As well, with the additional staffing needs during the busy season, we swelled from 14 employees to over 85 at the peak of the harvest season.  In a community where jobs are scarce, and employment opportunities are minimal, we are incredibly proud to have employed an additional 50 female staff and 20 male staff.  We are empowering the community, one busy season after another!

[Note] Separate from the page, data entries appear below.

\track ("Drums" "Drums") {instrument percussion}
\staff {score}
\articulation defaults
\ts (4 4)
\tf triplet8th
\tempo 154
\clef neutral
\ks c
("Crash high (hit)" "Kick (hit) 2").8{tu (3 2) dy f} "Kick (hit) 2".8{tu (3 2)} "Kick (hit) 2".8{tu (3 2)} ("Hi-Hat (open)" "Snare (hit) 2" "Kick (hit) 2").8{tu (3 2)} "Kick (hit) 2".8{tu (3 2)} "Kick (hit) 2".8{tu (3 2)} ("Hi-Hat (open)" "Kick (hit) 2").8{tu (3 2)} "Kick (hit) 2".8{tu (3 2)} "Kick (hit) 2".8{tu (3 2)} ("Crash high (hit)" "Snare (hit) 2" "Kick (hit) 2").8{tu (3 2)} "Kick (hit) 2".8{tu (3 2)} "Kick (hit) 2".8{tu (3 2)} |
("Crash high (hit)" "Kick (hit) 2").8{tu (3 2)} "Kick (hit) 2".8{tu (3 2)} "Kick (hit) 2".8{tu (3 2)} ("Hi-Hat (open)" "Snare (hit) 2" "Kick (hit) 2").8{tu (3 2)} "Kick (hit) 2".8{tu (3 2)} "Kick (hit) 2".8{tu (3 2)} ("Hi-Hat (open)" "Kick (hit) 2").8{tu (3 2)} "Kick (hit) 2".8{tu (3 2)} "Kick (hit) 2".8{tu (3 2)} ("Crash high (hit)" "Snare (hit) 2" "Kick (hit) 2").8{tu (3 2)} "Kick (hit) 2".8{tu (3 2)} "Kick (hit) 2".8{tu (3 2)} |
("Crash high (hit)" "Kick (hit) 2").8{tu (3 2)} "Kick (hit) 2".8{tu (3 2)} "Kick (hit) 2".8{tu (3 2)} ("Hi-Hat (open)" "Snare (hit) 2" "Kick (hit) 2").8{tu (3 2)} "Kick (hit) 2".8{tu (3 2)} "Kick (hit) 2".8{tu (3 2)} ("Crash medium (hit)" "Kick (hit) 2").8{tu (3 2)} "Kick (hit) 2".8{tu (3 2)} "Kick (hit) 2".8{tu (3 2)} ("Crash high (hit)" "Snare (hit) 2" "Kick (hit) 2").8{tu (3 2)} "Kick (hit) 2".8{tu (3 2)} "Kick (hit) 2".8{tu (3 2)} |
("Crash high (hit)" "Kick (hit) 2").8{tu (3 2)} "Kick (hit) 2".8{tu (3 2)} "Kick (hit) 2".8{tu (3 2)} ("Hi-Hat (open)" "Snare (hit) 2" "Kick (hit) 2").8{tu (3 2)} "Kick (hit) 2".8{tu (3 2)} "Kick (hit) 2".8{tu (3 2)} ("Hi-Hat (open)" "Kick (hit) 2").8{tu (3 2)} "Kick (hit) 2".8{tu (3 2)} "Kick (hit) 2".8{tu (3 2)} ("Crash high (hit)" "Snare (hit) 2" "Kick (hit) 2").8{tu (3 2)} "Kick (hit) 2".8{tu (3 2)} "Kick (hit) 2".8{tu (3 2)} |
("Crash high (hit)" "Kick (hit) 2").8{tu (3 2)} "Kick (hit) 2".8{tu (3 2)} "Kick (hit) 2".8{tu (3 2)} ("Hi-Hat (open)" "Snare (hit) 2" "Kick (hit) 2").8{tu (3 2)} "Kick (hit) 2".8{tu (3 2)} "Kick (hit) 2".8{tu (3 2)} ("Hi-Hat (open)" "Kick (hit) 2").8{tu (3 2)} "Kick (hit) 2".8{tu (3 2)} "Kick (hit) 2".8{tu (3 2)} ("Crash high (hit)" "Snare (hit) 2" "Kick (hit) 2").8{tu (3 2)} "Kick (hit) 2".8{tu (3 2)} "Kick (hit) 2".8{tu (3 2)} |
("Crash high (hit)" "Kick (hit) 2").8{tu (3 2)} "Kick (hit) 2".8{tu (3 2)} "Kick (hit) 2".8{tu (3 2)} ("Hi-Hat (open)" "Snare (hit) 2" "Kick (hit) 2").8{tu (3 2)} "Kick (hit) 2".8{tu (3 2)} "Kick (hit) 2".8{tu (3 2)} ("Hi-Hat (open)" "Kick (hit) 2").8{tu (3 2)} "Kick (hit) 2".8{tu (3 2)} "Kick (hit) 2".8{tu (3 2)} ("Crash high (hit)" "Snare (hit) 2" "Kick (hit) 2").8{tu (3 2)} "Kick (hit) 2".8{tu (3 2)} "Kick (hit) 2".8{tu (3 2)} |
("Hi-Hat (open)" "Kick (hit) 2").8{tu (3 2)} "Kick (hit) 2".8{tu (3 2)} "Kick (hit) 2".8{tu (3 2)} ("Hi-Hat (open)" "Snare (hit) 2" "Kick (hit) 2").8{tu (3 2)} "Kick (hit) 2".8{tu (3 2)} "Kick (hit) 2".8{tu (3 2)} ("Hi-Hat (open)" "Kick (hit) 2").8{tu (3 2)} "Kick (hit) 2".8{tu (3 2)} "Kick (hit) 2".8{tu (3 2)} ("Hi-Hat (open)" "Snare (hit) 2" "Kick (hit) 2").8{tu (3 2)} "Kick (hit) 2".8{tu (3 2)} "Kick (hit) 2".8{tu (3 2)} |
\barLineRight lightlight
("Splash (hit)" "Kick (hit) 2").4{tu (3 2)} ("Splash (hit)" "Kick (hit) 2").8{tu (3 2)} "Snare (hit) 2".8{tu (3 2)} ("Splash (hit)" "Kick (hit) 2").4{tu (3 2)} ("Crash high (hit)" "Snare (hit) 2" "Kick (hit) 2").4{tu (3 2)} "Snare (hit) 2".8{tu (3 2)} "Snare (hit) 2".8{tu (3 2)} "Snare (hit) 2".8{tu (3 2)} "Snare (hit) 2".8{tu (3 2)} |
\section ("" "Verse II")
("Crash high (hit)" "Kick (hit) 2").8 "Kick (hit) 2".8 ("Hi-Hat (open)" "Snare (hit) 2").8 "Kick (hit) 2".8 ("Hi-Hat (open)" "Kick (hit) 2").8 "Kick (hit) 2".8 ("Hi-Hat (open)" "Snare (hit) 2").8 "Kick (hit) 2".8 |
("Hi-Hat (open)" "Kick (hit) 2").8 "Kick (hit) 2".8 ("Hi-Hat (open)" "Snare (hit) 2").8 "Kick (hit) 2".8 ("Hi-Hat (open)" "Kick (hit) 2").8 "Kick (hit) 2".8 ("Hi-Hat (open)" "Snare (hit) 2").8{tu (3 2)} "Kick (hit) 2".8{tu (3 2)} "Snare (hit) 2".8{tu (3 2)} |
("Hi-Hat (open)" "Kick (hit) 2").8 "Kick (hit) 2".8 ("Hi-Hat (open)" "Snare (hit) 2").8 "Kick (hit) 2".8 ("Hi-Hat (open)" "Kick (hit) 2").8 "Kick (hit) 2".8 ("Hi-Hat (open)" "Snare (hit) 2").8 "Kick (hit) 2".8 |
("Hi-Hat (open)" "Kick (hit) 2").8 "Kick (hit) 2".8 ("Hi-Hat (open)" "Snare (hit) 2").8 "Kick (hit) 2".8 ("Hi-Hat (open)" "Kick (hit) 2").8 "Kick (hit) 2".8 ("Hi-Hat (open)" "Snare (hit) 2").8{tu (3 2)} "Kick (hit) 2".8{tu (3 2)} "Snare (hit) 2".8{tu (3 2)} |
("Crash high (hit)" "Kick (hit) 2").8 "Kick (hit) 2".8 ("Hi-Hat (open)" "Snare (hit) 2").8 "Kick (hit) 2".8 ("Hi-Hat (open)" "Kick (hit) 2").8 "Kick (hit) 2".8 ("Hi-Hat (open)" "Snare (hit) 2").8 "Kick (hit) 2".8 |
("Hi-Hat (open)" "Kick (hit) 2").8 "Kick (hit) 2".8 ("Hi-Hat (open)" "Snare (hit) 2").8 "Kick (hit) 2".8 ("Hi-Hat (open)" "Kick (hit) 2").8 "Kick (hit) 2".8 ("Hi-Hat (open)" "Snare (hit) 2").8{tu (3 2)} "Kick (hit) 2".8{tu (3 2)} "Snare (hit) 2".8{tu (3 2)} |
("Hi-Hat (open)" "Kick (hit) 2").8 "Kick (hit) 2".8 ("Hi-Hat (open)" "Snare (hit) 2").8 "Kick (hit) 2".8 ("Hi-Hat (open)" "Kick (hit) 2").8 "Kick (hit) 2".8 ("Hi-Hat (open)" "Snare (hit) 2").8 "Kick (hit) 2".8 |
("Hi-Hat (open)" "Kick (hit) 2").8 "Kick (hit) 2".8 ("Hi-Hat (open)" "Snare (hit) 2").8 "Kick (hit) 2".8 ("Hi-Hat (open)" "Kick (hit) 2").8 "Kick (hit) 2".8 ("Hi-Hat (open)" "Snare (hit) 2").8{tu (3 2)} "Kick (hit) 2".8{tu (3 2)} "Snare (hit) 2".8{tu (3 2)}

Thanks to everyone for a great harvest season, we can’t wait to do it all again!




The Wait is Over :-)

After a long wait, Kingha’s Single Origin Estate Coffee is now being roasted in Vancouver, BC by our partners at Single Village Coffee.  We’re still waiting for the final cupping report but early tasting notes include dark chocolate and passion fruit.  Less than 30kgs were roasted from this unique microlot so if you’re interested in sampling it, as either roasted coffee, or green bean, let us know and we’ll do our best to send some your way.  If you like what we’ve done with this amazing coffee you can reserve some from our upcoming microlots available in December.  Here are a few pictures of the green bean sample packs, the coffee we just roasted, and of December’s coffee growing on the estate and looking fantastic.


Coffee Training

Today we are in Nyakinoni, in S.W. Uganda training local coffee farmers about pest control.  Our lead agronomist is explaining to the group how they can recycle old plastic bottles and use them to trap harmful insects.  The farmers bait the trap using locally made banana gin and hang them in their coffee gardens…such a simple way to manage harmful coffee pests.

Coffee Community Outreach

Our Lead Community Outreach Agronomist has been hard at work helping to train local coffee farmers about the benefits of stumping old coffee trees.  Stumping old coffee trees encourages the growth of healthy, new branches, leading to a fully rejuvenated coffee garden.  After stumping, the farmers are encouraged to add shade tress to protect the coffee from direct sunlight.  This farmer has chosen to use Matoke, (a type of green banana tree), for his shade trees.  This means he will receive bonus income from the Matoke he grows, while protecting the coffee at the same time.  It’s a great feeling working within the community, really helping to make an impact on farmer livelihoods.   All of the lessons and training are provided for free as part of our continuing commitment to creating  sustainable coffee community.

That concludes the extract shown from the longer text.